混乱に乗じて、はっきり話せるようになったのがよかったのかもしれない。
また、アリスもロザリアに対する印象が大きく変わっていた。
これがロザリアにとって初めての友達……アリスとの、邂逅になった。
◆
ロザリアは過去最高に浮かれ気分で自身の寮へ戻っていた。
アリスと話せた。
なんとなく、誤解も解けたような気がする。
先ほどの会話を思い出して、頬を緩ませる。
『ロザリアちゃんって、話すとイメージとは全然違うね』
『私、その、口下手で、人見知りだから……』
『もっと怖い人なのかと勝手に思っていて、本当にごめんなさい』
『いいの。ずっと話せない私が、悪いのよ』
真白を撫でながら、二人はかなり長い時間話していた。
アリスには自身が孤児院出身だというコンプレックスがあり、彼女も彼女でまだ学園にうまく溶け込めていないのだという。
『それにまだ武具の召喚もできないし』
『私も同じ……』
二人は顔を見合わせて苦笑した。
実技訓練の時間、いつも訓練場の端っこでアレイズに武具召喚の練習をさせられていたからだ。
二人はぽつぽつとお互いのことを話して、その日は別れた。
真白はいつも、教室に置いていくらしい。
朝と昼と夜に世話にきているのだとか。
今飼い主を探していて、何人かかいたいという人を見つけたので、予定を合わせて真白をつれていくつもりなのだそうだ。

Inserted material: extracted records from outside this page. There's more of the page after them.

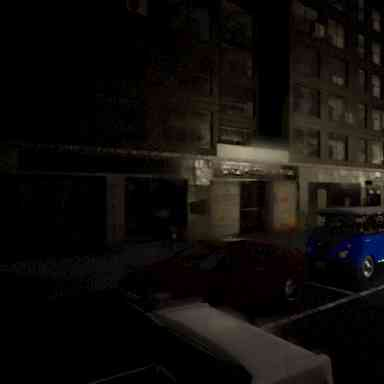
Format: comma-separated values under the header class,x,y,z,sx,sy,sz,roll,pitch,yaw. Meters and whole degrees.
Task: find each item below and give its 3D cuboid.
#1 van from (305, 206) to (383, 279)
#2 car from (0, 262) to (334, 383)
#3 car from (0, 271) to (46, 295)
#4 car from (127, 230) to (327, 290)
class,x,y,z,sx,sy,sz,roll,pitch,yaw
van,5.011,1.331,9.761,3.998,1.788,1.690,0,0,-35
car,-1.198,1.601,2.207,4.718,1.301,1.895,0,0,-35
car,-3.803,1.567,3.476,4.313,1.339,1.947,0,0,-35
car,0.604,1.578,6.618,4.206,1.307,1.802,0,0,-35

「ふふ。天球儀に頭ぶつけて、変な男の夢を見て。なんだか今日は最悪な日かもって思ったけど、そうでもなかったわ」
ロザリアはベッドへダイブした。
男子は基本的に相部屋が多いのだが、女子は個室を与えられている。
もともと人数が少なく、黒寮の一年生はロザリアしかいないからだ。
ほとんどカスタマイズされていないロザリアの部屋。
殺風景なその部屋も、今はなんだかキラキラとして見えた。
「私にも、もしかしたら夢の学園生活が……」
そう言いながら、ベッドに横になる。
すると、ずきん、と頭に痛みが走った。
「ッ」
ロザリアは顔をしかめる。
そういえば、天球儀に思いっきり頭をぶつけてしまったのだ。
「あの夢……変だったな」
妙にリアルな夢だった。
まるで本当に、あの男に会ったような。
ロザリアはしばらくぼんやりしていたが、ベッドからおき上がった。
保健室にいって、たんこぶを冷やすものをもらおうと思ったのだ。
「頭の怪我って怖いって言うしね……」
そう呟くと、ロザリアは部屋を出た。